The e-POST

Florida, California Coverage Cases

Pre-Tender Costs – Eleventh Circuit (Florida Law), Inc. v. Travelers Prop. Cas. Co. of Am.
--- F.3d ---, 2017 WL 74694 (11th Cir. Jan. 9, 2017) 

The U.S. Court of Appeals for the Eleventh Circuit held that Travelers Property Casualty Company of America (Travelers) was not obligated to pay for an insured’s pre-tender defense costs from an underlying copyright infringement suit because Travelers did not violate Florida’s Claims Administration Statute (CAS) and these costs were excluded under the liability policy. The insured waited over 18 months to notify Travelers of the underlying litigation, and Travelers refused to pay for pre-tender defense costs, citing a provision in the policy that no insured will, except at the insured’s own cost, voluntarily make a payment, assume any obligation, or incur any expense without Travelers’ consent. The insured claimed that Travelers violated the CAS by waiting 39 days to notify the insured about the refusal to cover these costs, as the statute requires 30-days’ notice. The appellate court ruled in favor of Travelers, finding that “[t]he policy provision here precluding reimbursement for litigation expenses incurred by an insured without the prior consent of the insurer falls within the exclusion category, not the coverage defense classification.” The appellate court held that because “Travelers relied on an exclusion, not a coverage defense, in its refusal to pay [the insured]’s pre-tender legal expenses ... the CAS does not control.” The appellate court concluded that “[b]ecause the CAS cannot resurrect coverage that has been explicitly excluded and because the provision at issue here constitutes such an exclusion, ... [the insured] is not entitled to reimbursement of legal expenses that it incurred without the permission of Travelers.”

Occurrence – California

Navigators Specialty Ins. Co. v. Moorefield Constr., Inc.
--- Cal. Rptr. 3d ---, 2016 WL 7439032 (Cal. Ct. App. Dec. 27, 2016)

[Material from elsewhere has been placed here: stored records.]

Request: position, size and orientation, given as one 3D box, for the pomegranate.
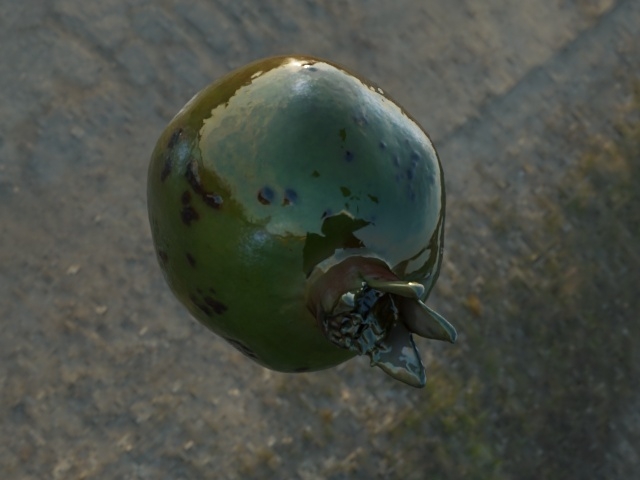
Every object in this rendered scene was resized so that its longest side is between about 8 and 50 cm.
[{"bbox_3d":[-0.017,0.009,1.200,0.291,0.291,0.323,22,44,-36],"label":"pomegranate"}]
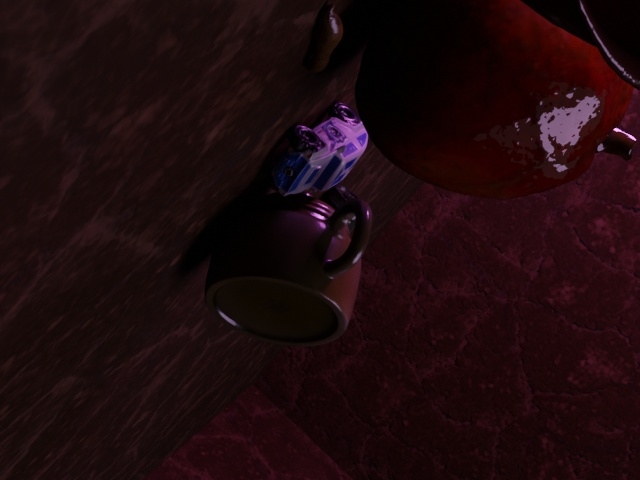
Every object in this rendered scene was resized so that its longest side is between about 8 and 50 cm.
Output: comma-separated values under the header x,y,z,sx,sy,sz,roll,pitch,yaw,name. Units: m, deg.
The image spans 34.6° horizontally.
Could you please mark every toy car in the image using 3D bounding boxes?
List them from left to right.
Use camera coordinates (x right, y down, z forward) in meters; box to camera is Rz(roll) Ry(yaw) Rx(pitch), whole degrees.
x,y,z,sx,sy,sz,roll,pitch,yaw,name
0.005,-0.107,1.241,0.080,0.070,0.170,-53,171,35,toy car

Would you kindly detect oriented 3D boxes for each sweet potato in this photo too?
x,y,z,sx,sy,sz,roll,pitch,yaw,name
0.005,-0.186,0.971,0.026,0.026,0.115,-45,172,-24,sweet potato

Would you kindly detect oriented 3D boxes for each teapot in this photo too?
x,y,z,sx,sy,sz,roll,pitch,yaw,name
-0.031,0.013,1.269,0.267,0.185,0.175,-23,-133,44,teapot

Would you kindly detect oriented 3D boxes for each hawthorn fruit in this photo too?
x,y,z,sx,sy,sz,roll,pitch,yaw,name
0.193,-0.169,1.066,0.265,0.307,0.265,23,90,-88,hawthorn fruit

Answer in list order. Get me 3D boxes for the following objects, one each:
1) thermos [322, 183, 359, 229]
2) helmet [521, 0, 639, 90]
x,y,z,sx,sy,sz,roll,pitch,yaw,name
-0.003,-0.003,1.763,0.188,0.083,0.073,-48,-144,16,thermos
0.217,-0.287,0.684,0.384,0.230,0.338,-7,117,-39,helmet
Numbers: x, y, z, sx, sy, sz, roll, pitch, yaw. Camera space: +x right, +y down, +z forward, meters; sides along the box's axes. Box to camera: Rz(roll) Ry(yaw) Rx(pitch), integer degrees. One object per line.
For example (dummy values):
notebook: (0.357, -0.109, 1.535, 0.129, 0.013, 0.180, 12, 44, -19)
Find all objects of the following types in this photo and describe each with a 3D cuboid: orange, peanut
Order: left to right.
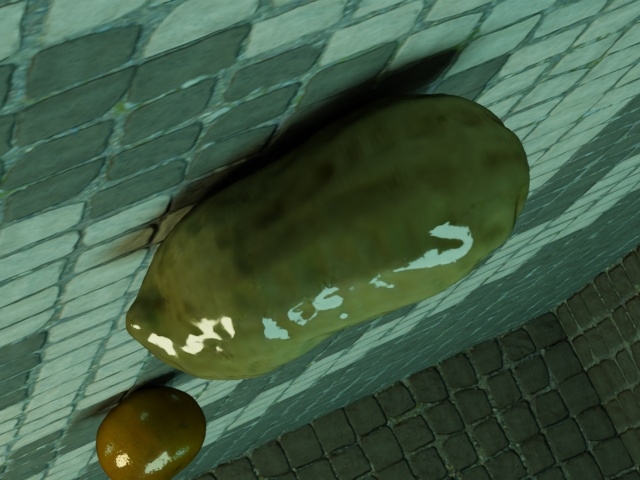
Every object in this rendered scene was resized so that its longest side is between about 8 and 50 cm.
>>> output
orange: (-0.230, 0.261, 2.373, 0.156, 0.124, 0.156, -40, 164, -14)
peanut: (0.000, 0.000, 1.509, 0.387, 0.169, 0.192, -27, 175, 21)

The California Court of Appeals ruled that a general contractor’s installation of flooring tiles over a vapor-emitting concrete slab was not an occurrence under a CGL policy. The general contractor was required to ensure that the concrete slabs were dry and could only have a specified maximum moisture content before installing the tile. Despite the fact that the concrete slabs exceeded the specified moisture content, the general contractor installed the tile flooring over the concrete slabs. Ultimately, the flooring failed, causing various damages. In deciding that the general contractor was not afforded coverage under the policy, the appellate court recognized that, under California law, “[a]n accident does not occur when the insured performs a deliberate act unless some additional, unexpected, independent, and unforeseen happening occurs that produces the damage.” The appellate court concluded that the general contractor’s “conduct was not an accident because it was a deliberate decision made with knowledge that the moisture vapor emission rate from the concrete slab exceeded specifications” and “[t]he damage was not produced by an additional, unexpected, independent, and unforeseen happening.”

Insured-Verus-Insured Exclusion – Ninth Circuit (California Law)

Federal Deposit Ins. Corp. v. BancInsure, Inc.
--- Fed. Appx. ---, 2017 WL 83489 (9th Cir. Jan. 10, 2017)

The U.S. Court of Appeals for the Ninth Circuit held that the insured-versus-insured exclusion in a directors-and-officers-liability-insurance policy clearly applied to preclude coverage. The Federal Deposit Insurance Corporation (FDIC), as the receiver of the failed Security Pacific Bank (Security Pacific), sued Security Pacific alleging negligence, gross negligence and breach of fiduciary duty committed by a number of former Security Pacific directors and officers. FDIC then sought insurance coverage for the losses related to these claims from a directors-and-officers liability insurance policy issued to Security Pacific by BancInsure, Inc. (BancInsure). The insured-versus-insured exclusion in the policy excluded “from coverage losses arising from legal actions brought 'by, or on behalf of, or at the behest of' Security Pacific, a person insured under the D&O Policy, or 'any successor, trustee, assignee or receiver' of Security Pacific[.]” The appellate court disagreed with the FDIC’s arguments concerning the term “receiver” and held that “the term ‘receiver’ is clear and unambiguous and includes the FDIC in its role as receiver of Security Pacific.” More specifically, the FDIC, as the receiver of Security Pacific, was the successor of Security Pacific’s board of directors’ rights, which included the right to bring a claim against Security Pacific’s former directors and officers. Because the insured-versus-insured exclusion would have barred coverage of a claim brought by Security Pacific's board of directors against its former directors and officers, the insured-versus-insured exclusion also barred coverage of a claim brought by the FDIC as receiver against Security Pacific's former directors and officers. Accordingly, “the FDIC's claims fall within the scope of the D&O Policy's insured-versus-insured exclusion.”